Por ello, y de la mano de Lexus, se ha recorrido parte de la provincia de Alicante para visitar cuatro de las fortalezas que configuran la Ruta de los Castillos del Vinalopó. Los monumentos de Sax, Villena, Biar y Banyeres han sido los escogidos para realizar una ruta en la que veremos ya desde la carretera el dominio de los castillos que jalonan el Valle Vinalopó y que forman parte de algunos de los momentos más sobresalientes de la historia.

De la mano del cronista oficial de la Villa de Sax, Vicente Vázquez, los invitados a esta ruta visitaban el interior de nuestro castillo.
El castillo se alza sobre un cerro de forma alargada, inaccesible por la vertiente oeste, por lo que se accede a la fortaleza por el noroeste. Es de planta irregular y consta de dos recintos: barbacana exterior, para la defensa de puentes y entradas, y un amplio cuerpo murado, dentro del cual figuraba un gran albergue.

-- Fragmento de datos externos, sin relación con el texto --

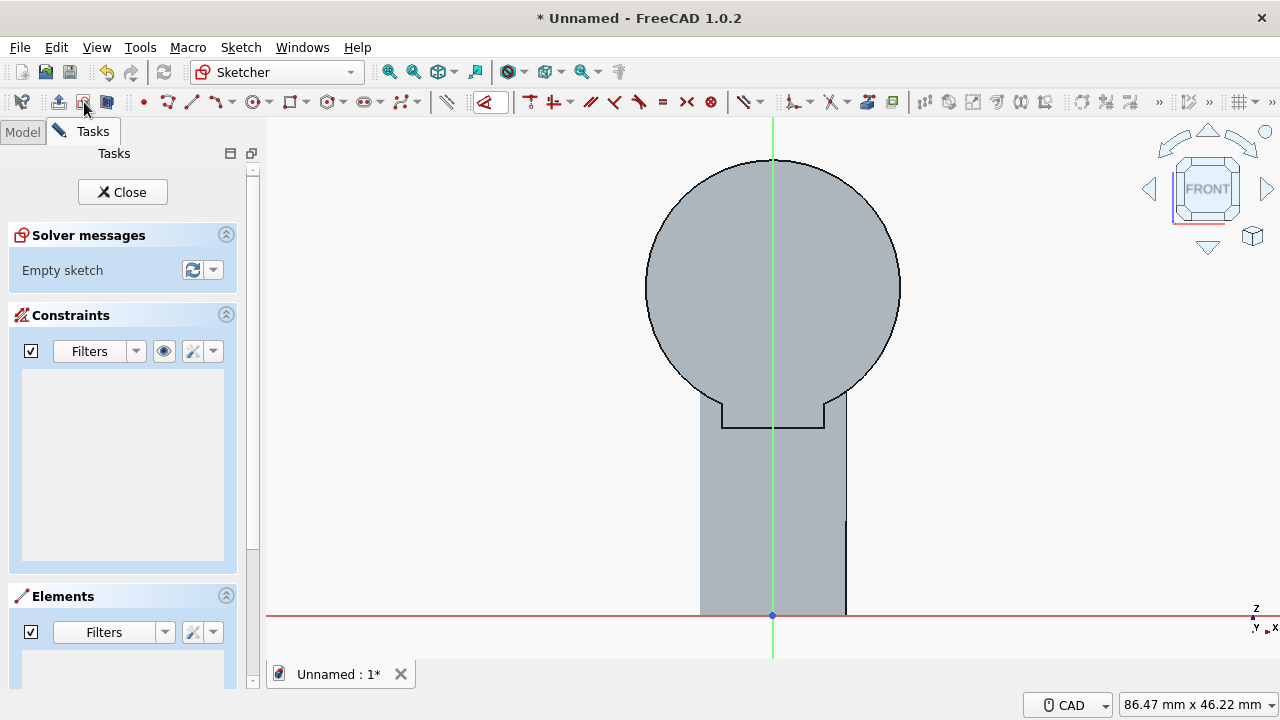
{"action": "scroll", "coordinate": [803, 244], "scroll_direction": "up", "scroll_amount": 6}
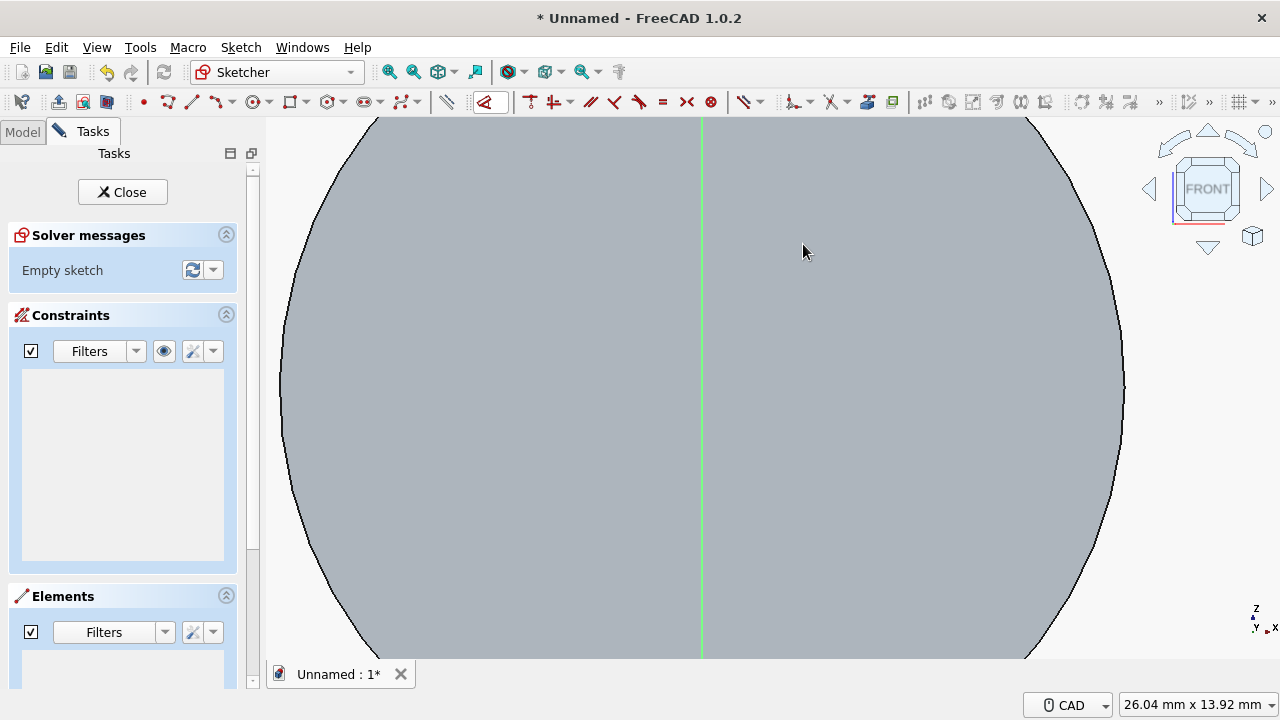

En sus extremos están las dos torres, siendo la principal rectangular, con muros de hasta 2 metros de espesor; en su interior estaba la sala de armas, y sobre ella una terraza almenada a la que se accedía mediante una escalera de arcos ojivales apuntados. La primera y la segunda de las plantas poseen una bóveda de medio cañón apuntada, con saeteras en esta última y en la tercera. En la ladera del risco en que se asienta esta fortificación existían otras obras de defensa destinadas a la protección del acceso principal del castillo, en el que se abría la puerta principal.